As far as the building typology is concerned, we have included detached and semi-detached houses, apartments, townhouses, lofts and penthouses.

However, this time we did not simply transcribe the available data online. Instead, we verified the correctness of all the information. We excluded from the database those properties whose information could not have been verified. We added data when it was possible to find more specific details. For sure, this way of collecting data turned out to be a very long and time-consuming process. Nevertheless, still, it was the only way to produce a sort of litmus test to check the market transparency and the data correctness and the availability of information.

5 Results, Discussion and Conclusion

The ANN developed is now employed on the database collected manually so that the correct characteristics of the properties constitute the input neurons. In contrast, the output neuron forecasts the corresponding marked value. We, therefore, name this prediction as “forecasted market value”. Conversely, the “expected market value” is the real asking prices we had collected manually.

Let's compare the “expected market value” against the “forecasted market value”. It is possible to notice an average of 32.96% error in the forecasts (43.93% as the maximum error, 10.99% as the minimum error).

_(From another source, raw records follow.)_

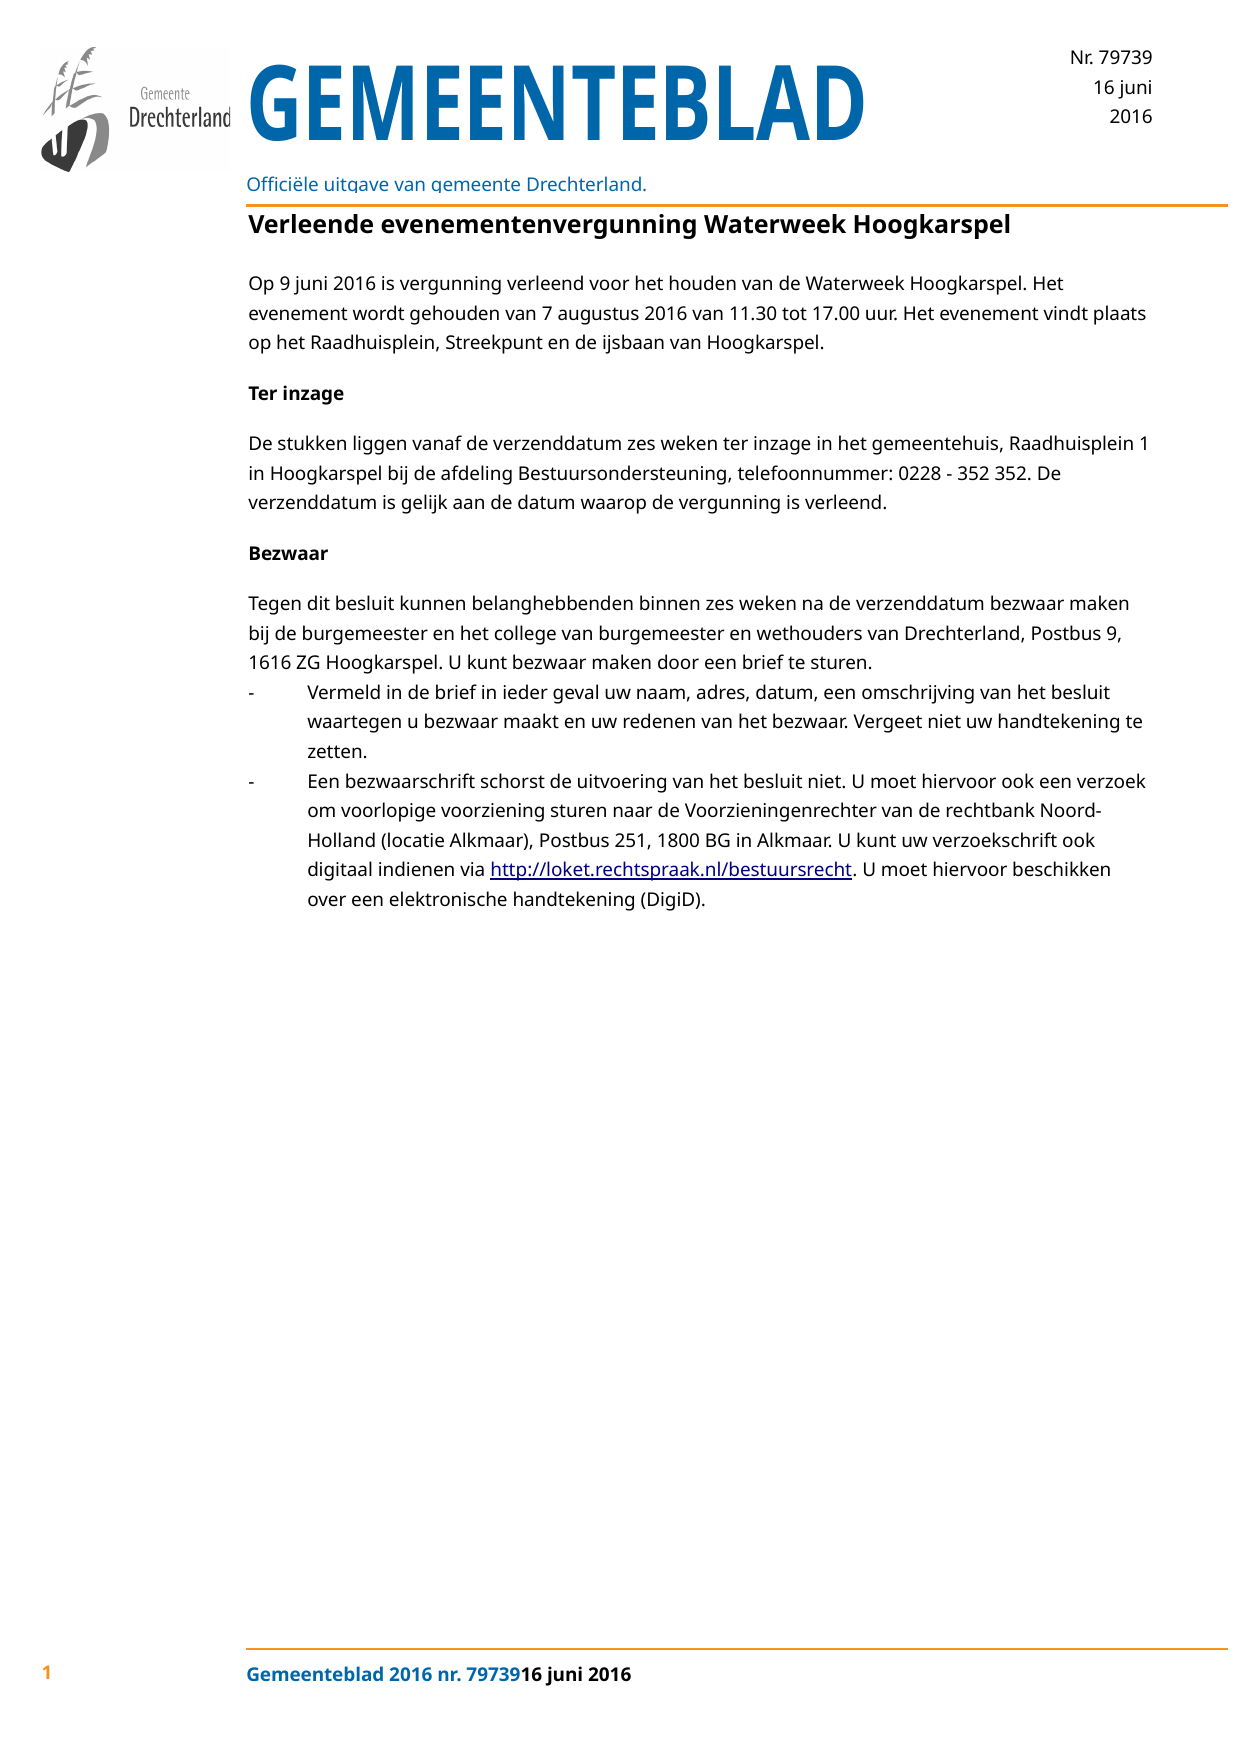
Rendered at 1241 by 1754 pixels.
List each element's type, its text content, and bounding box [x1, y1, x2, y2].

text Tegen dit besluit kunnen belanghebbenden binnen zes weken na de verzenddatum bezwaar maken bij de burgemeester en het college van burgemeester en wethouders van Drechterland, Postbus 9, 1616 ZG Hoogkarspel. U kunt bezwaar maken door een brief te sturen. [248, 590, 1152, 675]
text De stukken liggen vanaf de verzenddatum zes weken ter inzage in het gemeentehuis, Raadhuisplein 1 in Hoogkarspel bij de afdeling Bestuursondersteuning, telefoonnummer: 0228 - 352 352. De verzenddatum is gelijk aan de datum waarop de vergunning is verleend. [248, 430, 1152, 515]
text Verleende evenementenvergunning Waterweek Hoogkarspel [248, 207, 1152, 241]
picture [41, 47, 231, 172]
list Een bezwaarschrift schorst de uitvoering van het besluit niet. U moet hiervoor ook een verzoek om voorlopige voorziening sturen naar de Voorzieningenrechter van de rechtbank Noord-Holland (locatie Alkmaar), Postbus 251, 1800 BG in Alkmaar. U kunt uw verzoekschrift ook digitaal indienen via http://loket.rechtspraak.nl/bestuursrecht. U moet hiervoor beschikken over een elektronische handtekening (DigiD). [248, 768, 1152, 912]
text Ter inzage [248, 380, 1152, 406]
text Bezwaar [248, 540, 1152, 566]
list Vermeld in de brief in ieder geval uw naam, adres, datum, een omschrijving van het besluit waartegen u bezwaar maakt en uw redenen van het bezwaar. Vergeet niet uw handtekening te zetten. [248, 679, 1152, 764]
text Op 9 juni 2016 is vergunning verleend voor het houden van de Waterweek Hoogkarspel. Het evenement wordt gehouden van 7 augustus 2016 van 11.30 tot 17.00 uur. Het evenement vindt plaats op het Raadhuisplein, Streekpunt en de ijsbaan van Hoogkarspel. [248, 270, 1152, 355]

These errors are enormous, and the problem mainly stands in the wrong information contained in the sell advertisements.

Finally, it is possible to determine which parameter is producing the highest impact on the forecast by analysing the correlation chart of the ANN, which is shown in Fig. 1.

Fig. 1.
figure 1

Input-output correlation chart

This means that if a piece of wrong information in the ads regards the most impactful data (such as the status or the energy class), a considerable error will be made in the market value forecast.

In conclusion, it is possible to state that using artificial neural networks in combination with a web crawler helped estimate the level of opacity of the Italian real estate market. Among the most significant achievements of this research, the automated web crawler made it possible to rapidly collect a huge amount of data and have a complete overview of all the properties on sale in Padua. Moreover, it is easy to perform this very same kind of analysis on other markets because the web crawler can be immediately applied to different contexts.

The major limitation of this approach is that it is based on offer prices and not on historical transactions. Clearly, the reason is that this is one of the primary sources of opacity in the Italian real estate market, however, as a further development of this research, the authors would like to compare offer prices results against historical transactions to analyse this other significant source of error in market value assessments.

For sure, the authors suggest that selling ads would become more rigorous in the displacement of information, in the correctness of the illustrated data and completeness. Some predefined layout should be slavishly followed by the sellers when composing advertisements, at least to provide complete and accurate information of the property on sale (which would also help potential buyers).